### Task directions
Under this line is a listing; return exactly the lines starting at the one with "3) watering can [397,35,522,153]" and running down to the one with "8. toy figure at [57, 289, 118, 341]", and leave out its pictures.

### Exercise input

● ● ● ● ● ● ●

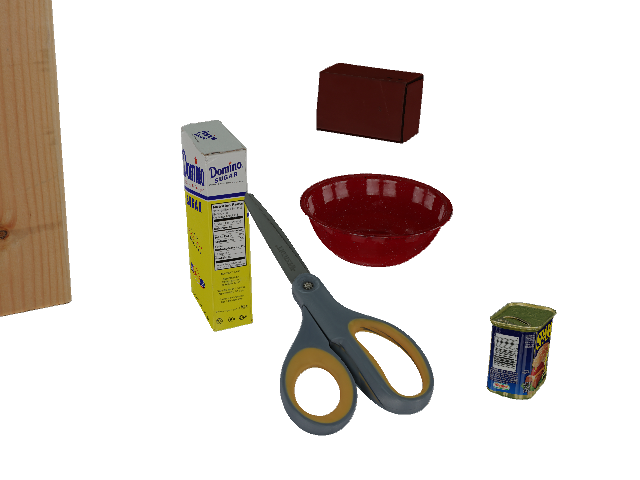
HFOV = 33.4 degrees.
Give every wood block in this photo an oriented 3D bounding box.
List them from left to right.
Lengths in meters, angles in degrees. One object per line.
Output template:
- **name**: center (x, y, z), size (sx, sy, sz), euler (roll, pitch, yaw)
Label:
- **wood block**: center (-0.202, -0.066, 0.603), size (0.090, 0.206, 0.090), euler (-11, 27, -28)

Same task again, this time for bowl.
- **bowl**: center (0.057, -0.016, 1.136), size (0.162, 0.055, 0.162), euler (2, 26, -1)

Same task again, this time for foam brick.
- **foam brick**: center (0.041, -0.116, 0.893), size (0.078, 0.051, 0.053), euler (11, 20, 19)

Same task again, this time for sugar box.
- **sugar box**: center (-0.097, -0.015, 0.995), size (0.048, 0.176, 0.093), euler (-11, 25, -17)

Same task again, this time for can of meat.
- **can of meat**: center (0.222, 0.122, 1.187), size (0.058, 0.084, 0.102), euler (9, 12, 24)

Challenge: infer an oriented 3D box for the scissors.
- **scissors**: center (-0.018, 0.045, 0.651), size (0.096, 0.016, 0.202), euler (-33, 54, -27)
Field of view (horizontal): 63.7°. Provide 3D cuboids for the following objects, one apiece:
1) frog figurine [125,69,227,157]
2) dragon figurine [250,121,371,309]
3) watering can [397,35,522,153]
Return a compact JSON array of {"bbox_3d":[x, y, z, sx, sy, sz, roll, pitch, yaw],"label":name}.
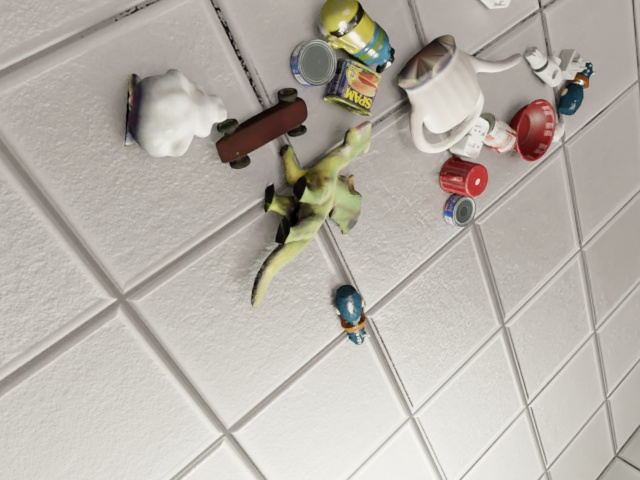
[{"bbox_3d":[-0.225,-0.200,0.826,0.159,0.122,0.138,1,85,-22],"label":"frog figurine"},{"bbox_3d":[0.003,-0.052,1.041,0.242,0.124,0.406,6,109,-44],"label":"dragon figurine"},{"bbox_3d":[0.304,-0.356,1.138,0.350,0.105,0.221,-49,124,-10],"label":"watering can"}]
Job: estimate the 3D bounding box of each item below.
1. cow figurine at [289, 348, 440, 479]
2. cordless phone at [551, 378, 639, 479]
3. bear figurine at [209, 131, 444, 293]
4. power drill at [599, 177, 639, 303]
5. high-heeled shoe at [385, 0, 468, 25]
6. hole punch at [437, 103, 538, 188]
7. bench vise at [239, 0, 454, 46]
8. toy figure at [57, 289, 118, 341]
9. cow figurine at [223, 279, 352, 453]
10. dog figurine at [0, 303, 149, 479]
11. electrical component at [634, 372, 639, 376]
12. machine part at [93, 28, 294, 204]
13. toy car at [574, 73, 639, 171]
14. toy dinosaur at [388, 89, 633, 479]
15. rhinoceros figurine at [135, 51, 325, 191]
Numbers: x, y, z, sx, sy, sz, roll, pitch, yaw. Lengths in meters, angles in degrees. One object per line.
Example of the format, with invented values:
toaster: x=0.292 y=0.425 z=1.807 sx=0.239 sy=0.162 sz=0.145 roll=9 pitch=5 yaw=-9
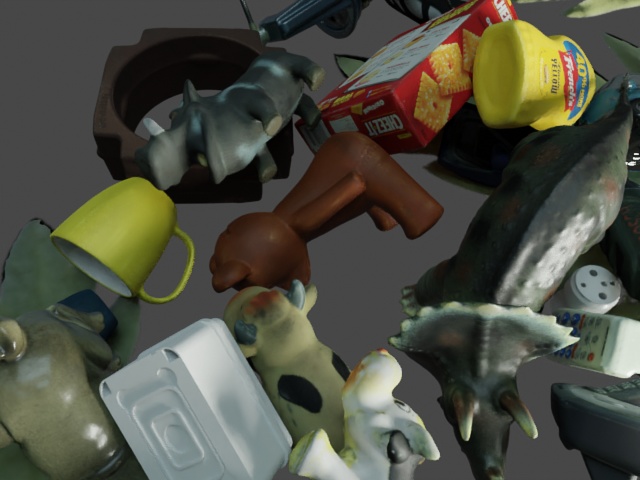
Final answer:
cow figurine: x=0.025 y=0.154 z=0.321 sx=0.098 sy=0.068 sz=0.167 roll=30 pitch=78 yaw=8
cordless phone: x=0.271 y=0.120 z=0.393 sx=0.184 sy=0.146 sz=0.089 roll=-27 pitch=72 yaw=15
bear figurine: x=-0.004 y=-0.004 z=0.507 sx=0.132 sy=0.120 sz=0.196 roll=44 pitch=83 yaw=-14
power drill: x=0.367 y=-0.019 z=0.494 sx=0.208 sy=0.085 sz=0.232 roll=1 pitch=33 yaw=22
high-heeled shoe: x=0.162 y=-0.283 z=0.735 sx=0.086 sy=0.145 sz=0.248 roll=-22 pitch=90 yaw=-21
hole punch: x=0.204 y=-0.118 z=0.614 sx=0.115 sy=0.092 sz=0.142 roll=34 pitch=53 yaw=-19
bench vise: x=0.019 y=-0.305 z=0.663 sx=0.240 sy=0.128 sz=0.224 roll=-39 pitch=35 yaw=-16
toy figure: x=-0.246 y=0.105 z=0.451 sx=0.154 sy=0.057 sz=0.064 roll=-42 pitch=29 yaw=-24
cow figurine: x=-0.009 y=0.115 z=0.417 sx=0.085 sy=0.127 sz=0.195 roll=-32 pitch=67 yaw=-25
dog figurine: x=-0.149 y=0.148 z=0.366 sx=0.191 sy=0.172 sz=0.121 roll=38 pitch=74 yaw=27
electrical component: x=0.368 y=0.103 z=0.491 sx=0.134 sy=0.058 sz=0.115 roll=31 pitch=63 yaw=16
machine part: x=-0.131 y=-0.138 z=0.594 sx=0.201 sy=0.087 sz=0.201 roll=-2 pitch=59 yaw=-4
toy car: x=0.361 y=-0.138 z=0.609 sx=0.162 sy=0.109 sz=0.103 roll=-1 pitch=65 yaw=-7
toy dinosaur: x=0.180 y=-0.010 z=0.442 sx=0.131 sy=0.192 sz=0.404 roll=31 pitch=83 yaw=4
rhinoceros figurine: x=-0.078 y=-0.111 z=0.487 sx=0.112 sy=0.073 sz=0.190 roll=36 pitch=62 yaw=16
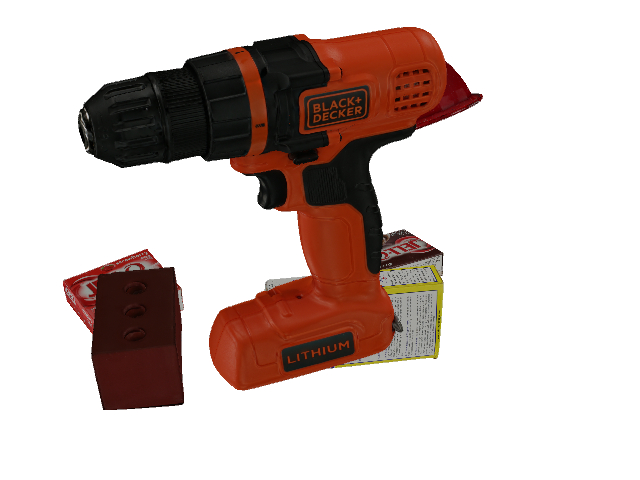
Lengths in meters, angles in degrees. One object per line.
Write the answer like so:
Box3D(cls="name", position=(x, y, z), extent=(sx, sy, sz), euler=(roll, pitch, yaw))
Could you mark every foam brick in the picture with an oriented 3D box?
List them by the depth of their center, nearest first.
Box3D(cls="foam brick", position=(-0.116, 0.063, 0.686), extent=(0.053, 0.051, 0.078), euler=(-5, 39, -5))

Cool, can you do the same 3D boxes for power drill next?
Box3D(cls="power drill", position=(-0.025, -0.013, 0.552), extent=(0.184, 0.188, 0.057), euler=(-12, 37, -17))

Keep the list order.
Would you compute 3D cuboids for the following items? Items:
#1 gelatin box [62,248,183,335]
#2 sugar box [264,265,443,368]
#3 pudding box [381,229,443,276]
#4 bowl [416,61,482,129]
Box3D(cls="gelatin box", position=(-0.182, 0.050, 0.986), extent=(0.089, 0.030, 0.073), euler=(-21, 41, -26))
Box3D(cls="sugar box", position=(0.033, 0.079, 1.076), extent=(0.176, 0.093, 0.048), euler=(-3, 27, -6))
Box3D(cls="pudding box", position=(0.086, 0.027, 1.356), extent=(0.113, 0.039, 0.090), euler=(-17, 27, -25))
Box3D(cls="bowl", position=(0.035, -0.107, 0.793), extent=(0.162, 0.055, 0.162), euler=(-18, 9, 3))
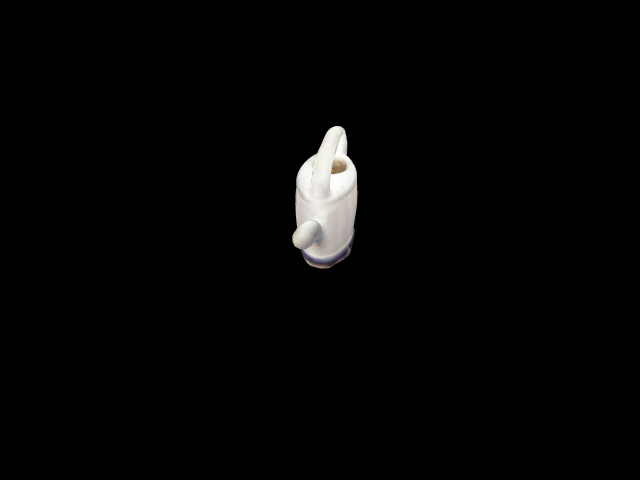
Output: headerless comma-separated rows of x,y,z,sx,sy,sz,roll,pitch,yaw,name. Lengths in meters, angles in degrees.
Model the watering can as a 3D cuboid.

● ● ● ● ● ● ●

### Answer for this exercise
3) watering can [397,35,522,153]
Return a compact JSON array of {"bbox_3d":[x, y, z, sx, sy, sz, roll, pitch, yaw],"label":name}.
[{"bbox_3d":[-0.225,-0.200,0.826,0.159,0.122,0.138,1,85,-22],"label":"frog figurine"},{"bbox_3d":[0.003,-0.052,1.041,0.242,0.124,0.406,6,109,-44],"label":"dragon figurine"},{"bbox_3d":[0.304,-0.356,1.138,0.350,0.105,0.221,-49,124,-10],"label":"watering can"}]
Job: estimate the 3D bounding box of each item below.
1. cow figurine at [289, 348, 440, 479]
2. cordless phone at [551, 378, 639, 479]
3. bear figurine at [209, 131, 444, 293]
4. power drill at [599, 177, 639, 303]
5. high-heeled shoe at [385, 0, 468, 25]
6. hole punch at [437, 103, 538, 188]
7. bench vise at [239, 0, 454, 46]
8. toy figure at [57, 289, 118, 341]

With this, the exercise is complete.